The two stars may be proving their talents at an early stage, but that doesn’t change the fact that this has all been done before. I’m not saying the movies are identical, but the changes are – in my opinion – mostly either insignificant or detrimental. There is an overall feeling of watering-down about the production too. Firstly the relationship between the two of them is developed a bit too fast, with barely enough substance to make the whole thing hold together; and it takes a different turn to the original because they strip out a key twist – integral to the dark, disturbing nature of the material. This more conventional approach was clearly more palatable for US audiences, but I don’t think it was necessary – it removes an interesting, original extra dimension and replaces it with a standard Hollywood plot-line.

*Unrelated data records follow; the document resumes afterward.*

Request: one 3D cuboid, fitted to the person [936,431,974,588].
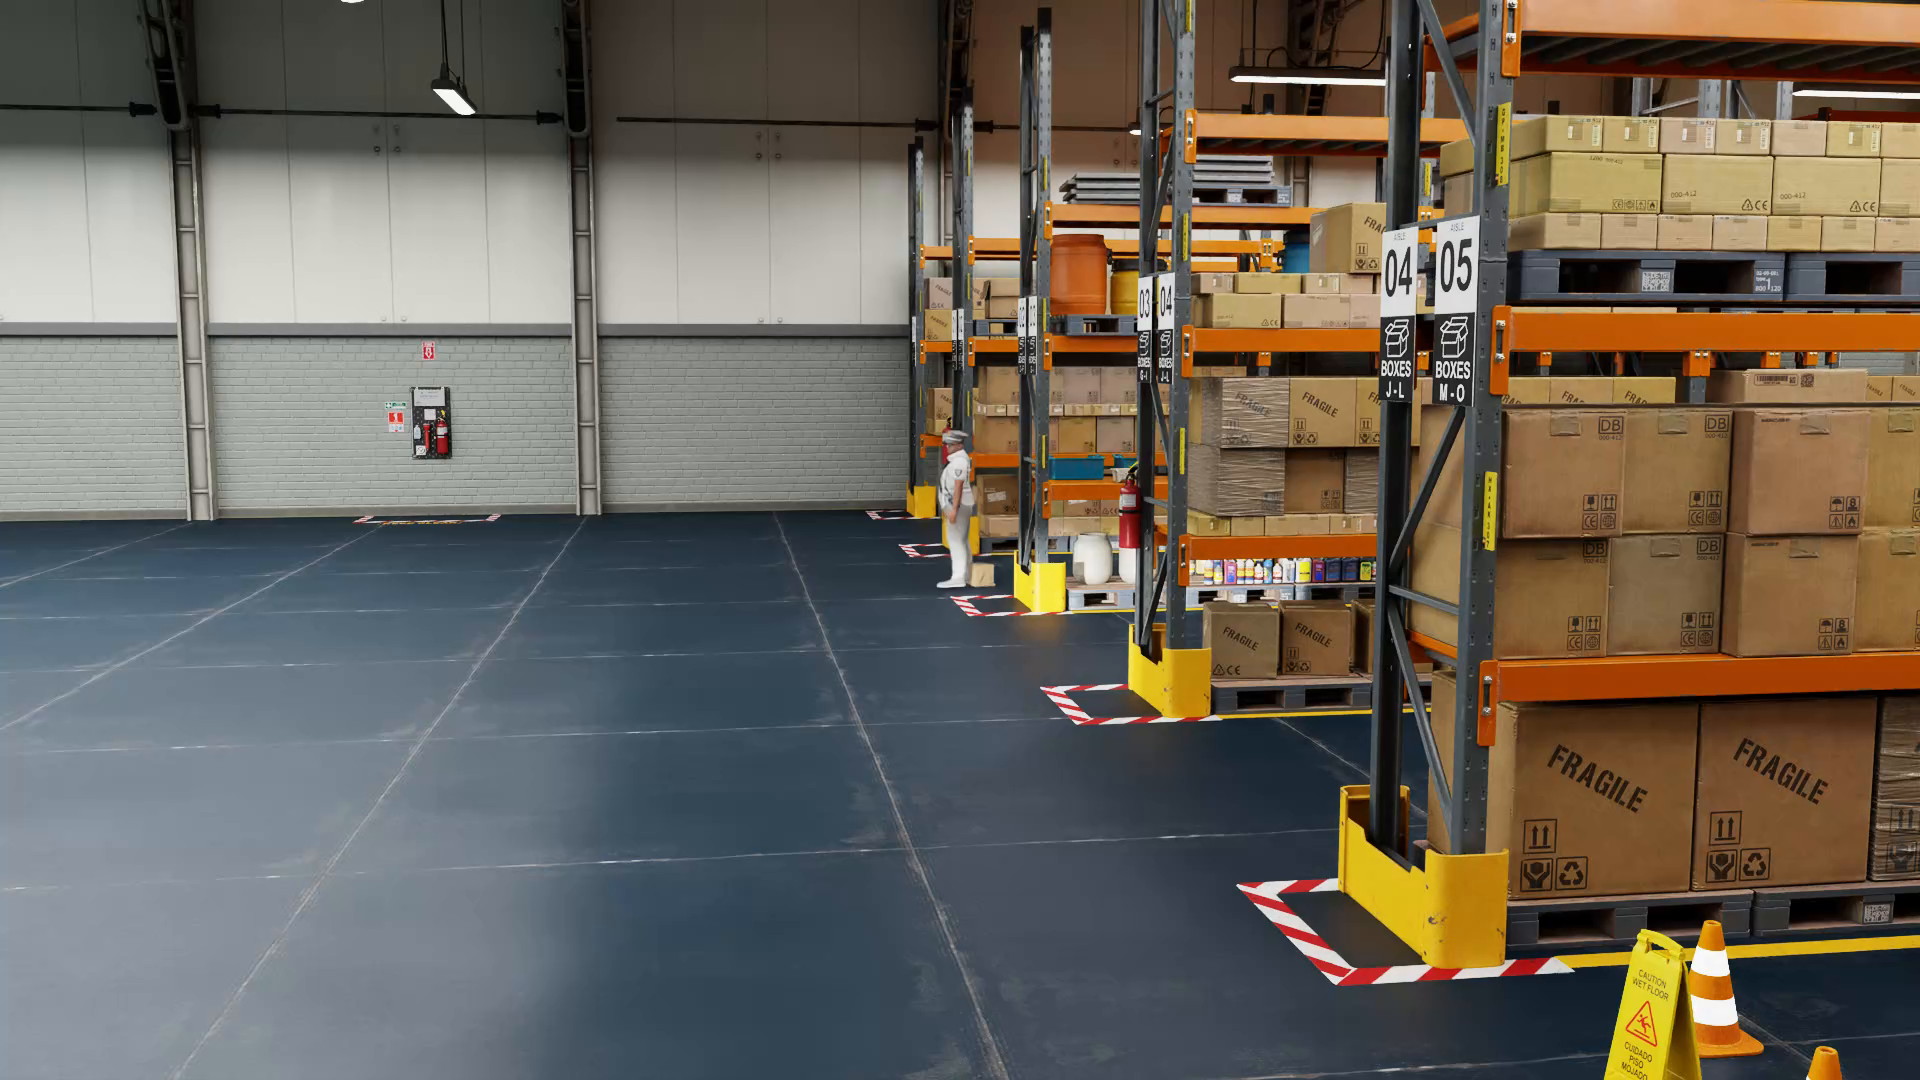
[{"bbox_3d":[-0.047,-0.356,18.664,0.413,1.750,0.641,0,6,4],"label":"person"}]
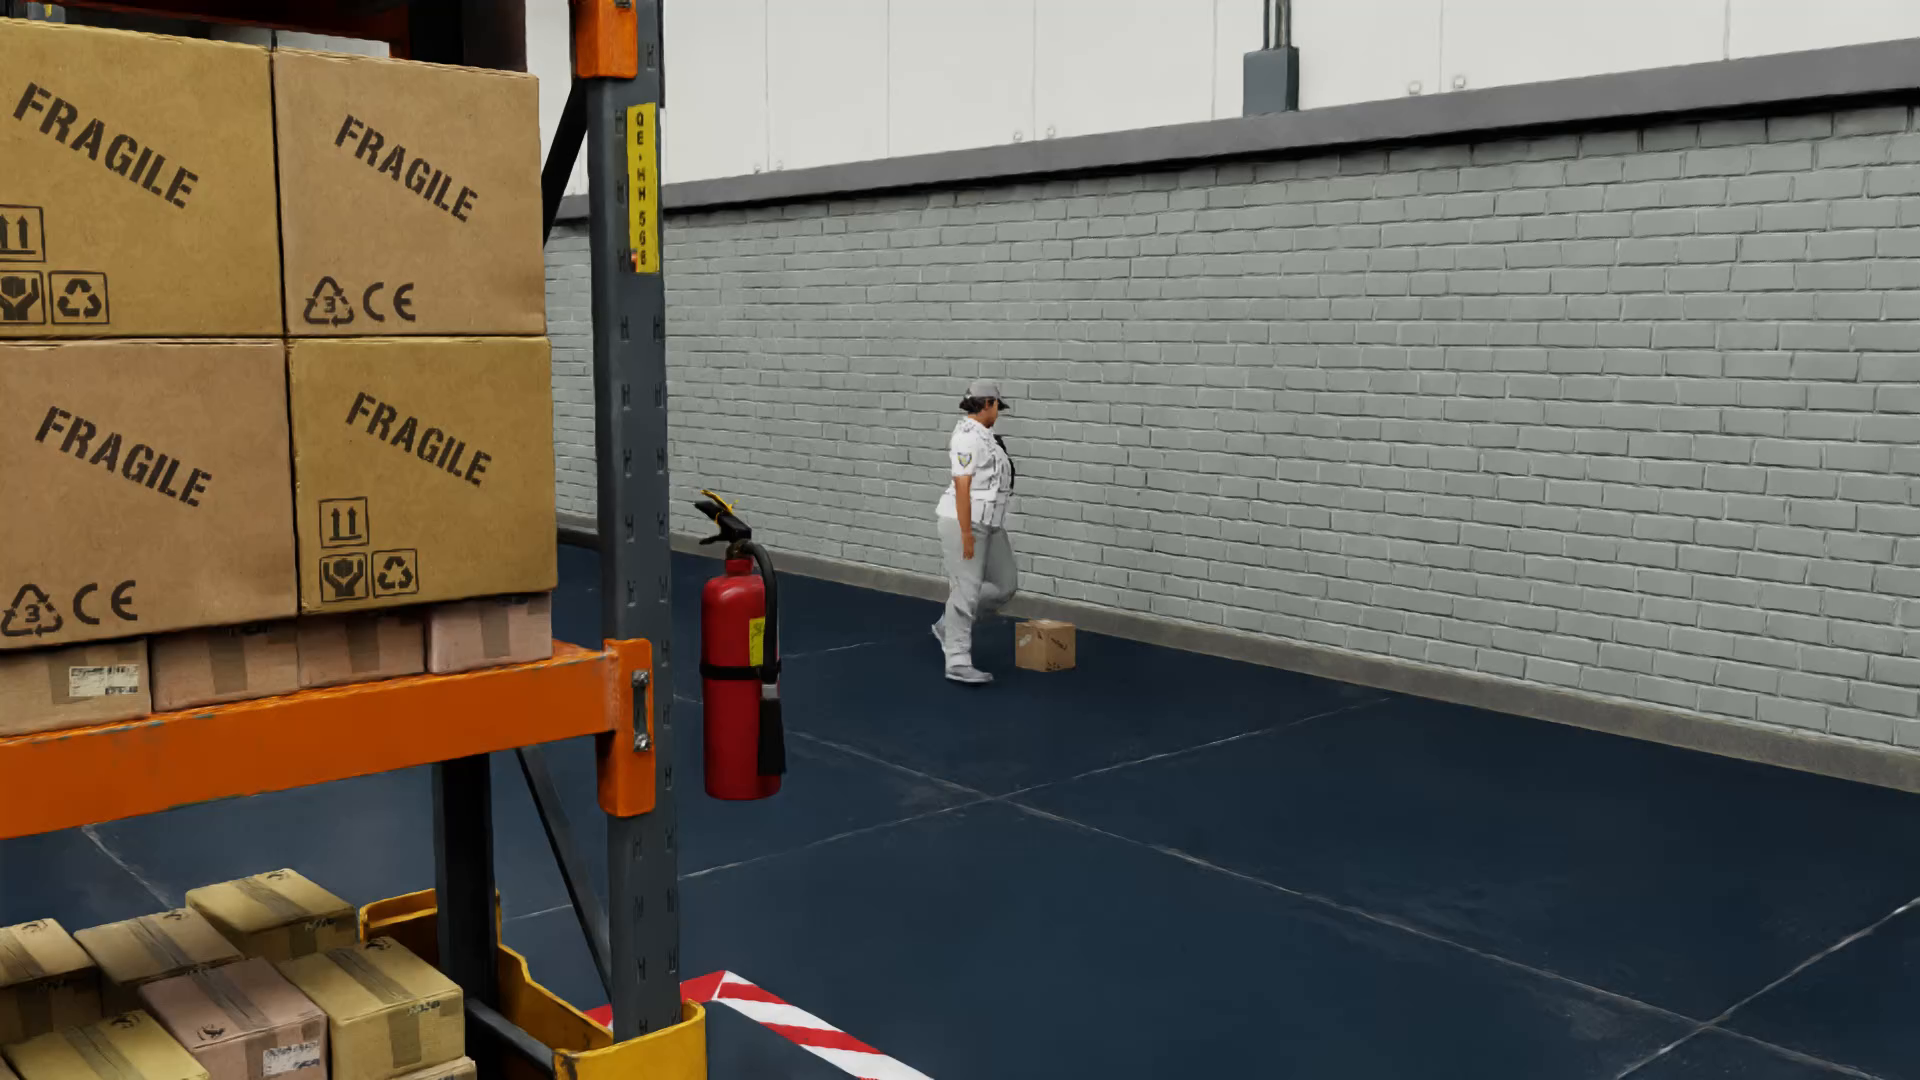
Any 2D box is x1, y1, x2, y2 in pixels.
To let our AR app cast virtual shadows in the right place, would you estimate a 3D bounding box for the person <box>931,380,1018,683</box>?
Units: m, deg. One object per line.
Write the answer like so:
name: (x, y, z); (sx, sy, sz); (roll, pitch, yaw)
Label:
person: (0.056, -0.065, 9.231); (0.460, 1.640, 0.588); (2, 8, 16)
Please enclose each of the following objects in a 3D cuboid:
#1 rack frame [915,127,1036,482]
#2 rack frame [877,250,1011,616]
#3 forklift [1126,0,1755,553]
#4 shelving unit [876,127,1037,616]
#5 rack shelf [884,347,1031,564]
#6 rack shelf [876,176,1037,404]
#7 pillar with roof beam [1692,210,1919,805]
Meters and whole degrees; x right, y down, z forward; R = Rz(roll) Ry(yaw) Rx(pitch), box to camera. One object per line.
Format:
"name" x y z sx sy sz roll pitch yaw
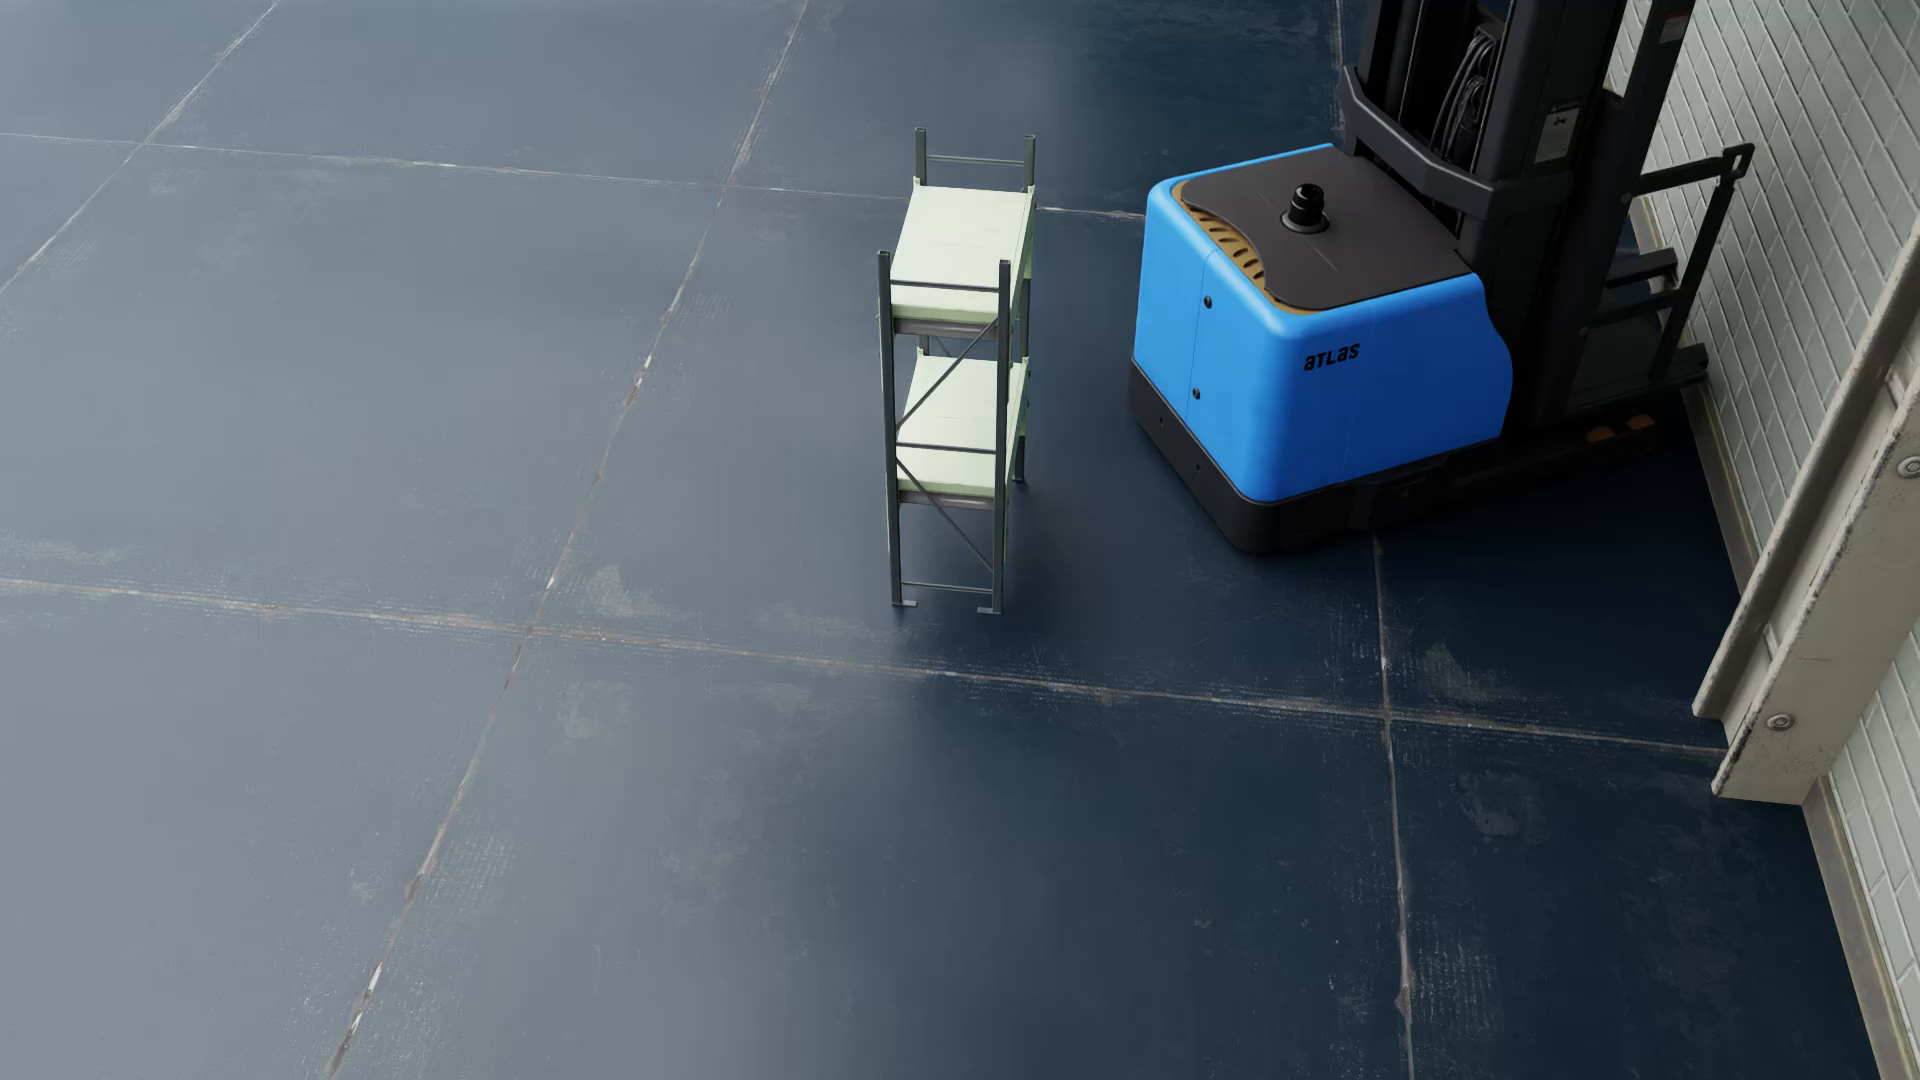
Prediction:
"rack frame" 0.049 -0.799 6.003 0.400 1.500 0.023 5 44 6
"rack frame" -0.048 -0.300 5.476 0.400 1.500 0.023 5 44 6
"forklift" 2.240 -1.668 5.880 3.031 2.935 1.130 -16 46 -16
"shelving unit" 0.001 -0.549 5.739 0.431 1.500 0.755 5 44 6
"rack shelf" 0.001 -0.312 5.963 0.431 0.370 0.720 5 44 6
"rack shelf" 0.001 -0.833 5.471 0.431 0.370 0.720 5 44 6
"pillar with roof beam" -1.650 -2.952 2.823 9.100 9.000 0.400 5 44 6

But the rest of the plot twists, and the already unusual narrative, are still enough to keep you intrigued with this mystery horror with or without that particular depraved twist. In fact, almost everything is done professionally in this remake – there’s nothing wrong with it whatsoever, it’s just wrong that it even exists in the first place. If you want to get into quibbles then, honestly, the CG segments (which obviously weren’t in the original) are absolutely horrendous, reminiscent of the terrible CG UV-lamp sequence in Blade II. They really didn’t need them, because the original film worked perfectly well – if not better – with the more restrained suggestion of what was taking place, rather than an effects-driven outburst. But, on the flip-side, there is one, new, expertly-shot car crash which really does make you stand up and take notice. All in all, though, Let Me In may not detract too much from the original, may have the same scenes, same setting, and same unusual story (it doesn’t feel quite as bleak, brutal or shocking); but it also doesn’t add anything whatsoever to what was already a great horror movie. Which is the real problem. If Let the Right One In never existed in the first place, Let Me In would be a high 8/10, maybe even a 9 just for its unusual story (which is the score that I’d give the original). But, I can’t help mark it down for being such a flagrant, diluted, and unnecessary rip-off.
In the words of the original movie’s director: “Remakes should be made of movies that aren’t very good – that gives you the chance to fix whatever has gone wrong. I’m very proud of my movie and I think it’s great, but the Americans might have another opinion.” That just about sums it up.